• _Exercise requirements_
Could you output every record below exactly as it appears?

• _Exercise data_
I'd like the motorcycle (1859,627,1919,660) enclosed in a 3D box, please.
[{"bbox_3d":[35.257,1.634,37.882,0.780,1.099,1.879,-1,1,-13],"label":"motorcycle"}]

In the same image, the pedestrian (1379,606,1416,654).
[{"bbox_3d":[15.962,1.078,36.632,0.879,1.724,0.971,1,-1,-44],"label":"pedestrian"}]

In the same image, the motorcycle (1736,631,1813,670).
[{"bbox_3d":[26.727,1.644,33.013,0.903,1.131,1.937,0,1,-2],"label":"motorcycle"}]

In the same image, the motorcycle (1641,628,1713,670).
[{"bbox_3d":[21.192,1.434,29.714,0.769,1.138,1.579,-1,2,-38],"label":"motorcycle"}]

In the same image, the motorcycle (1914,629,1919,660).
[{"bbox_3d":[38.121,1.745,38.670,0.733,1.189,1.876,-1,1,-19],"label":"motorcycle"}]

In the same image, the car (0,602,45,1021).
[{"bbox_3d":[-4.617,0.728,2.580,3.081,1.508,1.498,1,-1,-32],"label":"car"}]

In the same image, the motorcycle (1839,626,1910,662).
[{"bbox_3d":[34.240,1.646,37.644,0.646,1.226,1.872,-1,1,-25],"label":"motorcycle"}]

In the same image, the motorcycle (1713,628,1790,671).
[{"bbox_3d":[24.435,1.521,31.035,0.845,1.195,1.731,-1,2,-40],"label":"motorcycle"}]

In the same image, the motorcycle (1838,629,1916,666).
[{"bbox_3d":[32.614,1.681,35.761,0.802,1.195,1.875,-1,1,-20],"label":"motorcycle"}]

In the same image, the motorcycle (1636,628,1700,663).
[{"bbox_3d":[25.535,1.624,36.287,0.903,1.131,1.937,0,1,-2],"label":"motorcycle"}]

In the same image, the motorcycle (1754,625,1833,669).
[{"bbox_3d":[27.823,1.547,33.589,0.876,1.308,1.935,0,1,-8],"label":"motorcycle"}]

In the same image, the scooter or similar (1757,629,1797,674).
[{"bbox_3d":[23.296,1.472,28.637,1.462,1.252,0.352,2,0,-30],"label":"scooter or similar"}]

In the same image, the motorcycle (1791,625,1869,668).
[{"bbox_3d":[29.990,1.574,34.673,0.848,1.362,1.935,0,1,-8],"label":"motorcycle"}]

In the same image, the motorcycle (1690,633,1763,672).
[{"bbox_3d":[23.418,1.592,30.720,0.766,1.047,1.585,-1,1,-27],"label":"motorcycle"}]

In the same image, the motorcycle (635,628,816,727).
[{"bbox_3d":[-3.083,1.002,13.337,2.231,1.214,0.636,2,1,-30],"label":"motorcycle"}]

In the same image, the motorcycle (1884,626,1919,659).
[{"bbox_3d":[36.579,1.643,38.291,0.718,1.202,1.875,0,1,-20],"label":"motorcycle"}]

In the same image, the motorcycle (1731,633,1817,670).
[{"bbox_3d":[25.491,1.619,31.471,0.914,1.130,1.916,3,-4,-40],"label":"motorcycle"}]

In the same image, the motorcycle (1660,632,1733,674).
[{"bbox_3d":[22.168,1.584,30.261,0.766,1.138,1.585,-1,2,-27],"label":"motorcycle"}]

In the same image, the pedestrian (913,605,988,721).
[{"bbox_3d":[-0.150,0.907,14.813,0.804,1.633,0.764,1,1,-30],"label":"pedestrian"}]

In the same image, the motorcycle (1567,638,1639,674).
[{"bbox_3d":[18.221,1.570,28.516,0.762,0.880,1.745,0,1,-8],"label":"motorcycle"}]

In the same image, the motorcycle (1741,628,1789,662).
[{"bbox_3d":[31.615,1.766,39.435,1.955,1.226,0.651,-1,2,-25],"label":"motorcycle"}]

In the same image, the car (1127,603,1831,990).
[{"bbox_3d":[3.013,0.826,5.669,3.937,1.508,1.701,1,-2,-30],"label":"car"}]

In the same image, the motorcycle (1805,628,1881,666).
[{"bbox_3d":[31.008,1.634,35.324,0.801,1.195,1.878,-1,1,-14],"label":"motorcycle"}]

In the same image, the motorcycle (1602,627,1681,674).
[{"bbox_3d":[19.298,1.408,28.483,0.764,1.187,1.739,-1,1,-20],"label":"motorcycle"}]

• _Answer box_
I'd like the motorcycle (1859,627,1919,660) enclosed in a 3D box, please.
[{"bbox_3d":[35.257,1.634,37.882,0.780,1.099,1.879,-1,1,-13],"label":"motorcycle"}]

In the same image, the pedestrian (1379,606,1416,654).
[{"bbox_3d":[15.962,1.078,36.632,0.879,1.724,0.971,1,-1,-44],"label":"pedestrian"}]

In the same image, the motorcycle (1736,631,1813,670).
[{"bbox_3d":[26.727,1.644,33.013,0.903,1.131,1.937,0,1,-2],"label":"motorcycle"}]

In the same image, the motorcycle (1641,628,1713,670).
[{"bbox_3d":[21.192,1.434,29.714,0.769,1.138,1.579,-1,2,-38],"label":"motorcycle"}]

In the same image, the motorcycle (1914,629,1919,660).
[{"bbox_3d":[38.121,1.745,38.670,0.733,1.189,1.876,-1,1,-19],"label":"motorcycle"}]

In the same image, the car (0,602,45,1021).
[{"bbox_3d":[-4.617,0.728,2.580,3.081,1.508,1.498,1,-1,-32],"label":"car"}]

In the same image, the motorcycle (1839,626,1910,662).
[{"bbox_3d":[34.240,1.646,37.644,0.646,1.226,1.872,-1,1,-25],"label":"motorcycle"}]

In the same image, the motorcycle (1713,628,1790,671).
[{"bbox_3d":[24.435,1.521,31.035,0.845,1.195,1.731,-1,2,-40],"label":"motorcycle"}]

In the same image, the motorcycle (1838,629,1916,666).
[{"bbox_3d":[32.614,1.681,35.761,0.802,1.195,1.875,-1,1,-20],"label":"motorcycle"}]

In the same image, the motorcycle (1636,628,1700,663).
[{"bbox_3d":[25.535,1.624,36.287,0.903,1.131,1.937,0,1,-2],"label":"motorcycle"}]

In the same image, the motorcycle (1754,625,1833,669).
[{"bbox_3d":[27.823,1.547,33.589,0.876,1.308,1.935,0,1,-8],"label":"motorcycle"}]

In the same image, the scooter or similar (1757,629,1797,674).
[{"bbox_3d":[23.296,1.472,28.637,1.462,1.252,0.352,2,0,-30],"label":"scooter or similar"}]

In the same image, the motorcycle (1791,625,1869,668).
[{"bbox_3d":[29.990,1.574,34.673,0.848,1.362,1.935,0,1,-8],"label":"motorcycle"}]

In the same image, the motorcycle (1690,633,1763,672).
[{"bbox_3d":[23.418,1.592,30.720,0.766,1.047,1.585,-1,1,-27],"label":"motorcycle"}]

In the same image, the motorcycle (635,628,816,727).
[{"bbox_3d":[-3.083,1.002,13.337,2.231,1.214,0.636,2,1,-30],"label":"motorcycle"}]

In the same image, the motorcycle (1884,626,1919,659).
[{"bbox_3d":[36.579,1.643,38.291,0.718,1.202,1.875,0,1,-20],"label":"motorcycle"}]

In the same image, the motorcycle (1731,633,1817,670).
[{"bbox_3d":[25.491,1.619,31.471,0.914,1.130,1.916,3,-4,-40],"label":"motorcycle"}]

In the same image, the motorcycle (1660,632,1733,674).
[{"bbox_3d":[22.168,1.584,30.261,0.766,1.138,1.585,-1,2,-27],"label":"motorcycle"}]

In the same image, the pedestrian (913,605,988,721).
[{"bbox_3d":[-0.150,0.907,14.813,0.804,1.633,0.764,1,1,-30],"label":"pedestrian"}]

In the same image, the motorcycle (1567,638,1639,674).
[{"bbox_3d":[18.221,1.570,28.516,0.762,0.880,1.745,0,1,-8],"label":"motorcycle"}]

In the same image, the motorcycle (1741,628,1789,662).
[{"bbox_3d":[31.615,1.766,39.435,1.955,1.226,0.651,-1,2,-25],"label":"motorcycle"}]

In the same image, the car (1127,603,1831,990).
[{"bbox_3d":[3.013,0.826,5.669,3.937,1.508,1.701,1,-2,-30],"label":"car"}]

In the same image, the motorcycle (1805,628,1881,666).
[{"bbox_3d":[31.008,1.634,35.324,0.801,1.195,1.878,-1,1,-14],"label":"motorcycle"}]

In the same image, the motorcycle (1602,627,1681,674).
[{"bbox_3d":[19.298,1.408,28.483,0.764,1.187,1.739,-1,1,-20],"label":"motorcycle"}]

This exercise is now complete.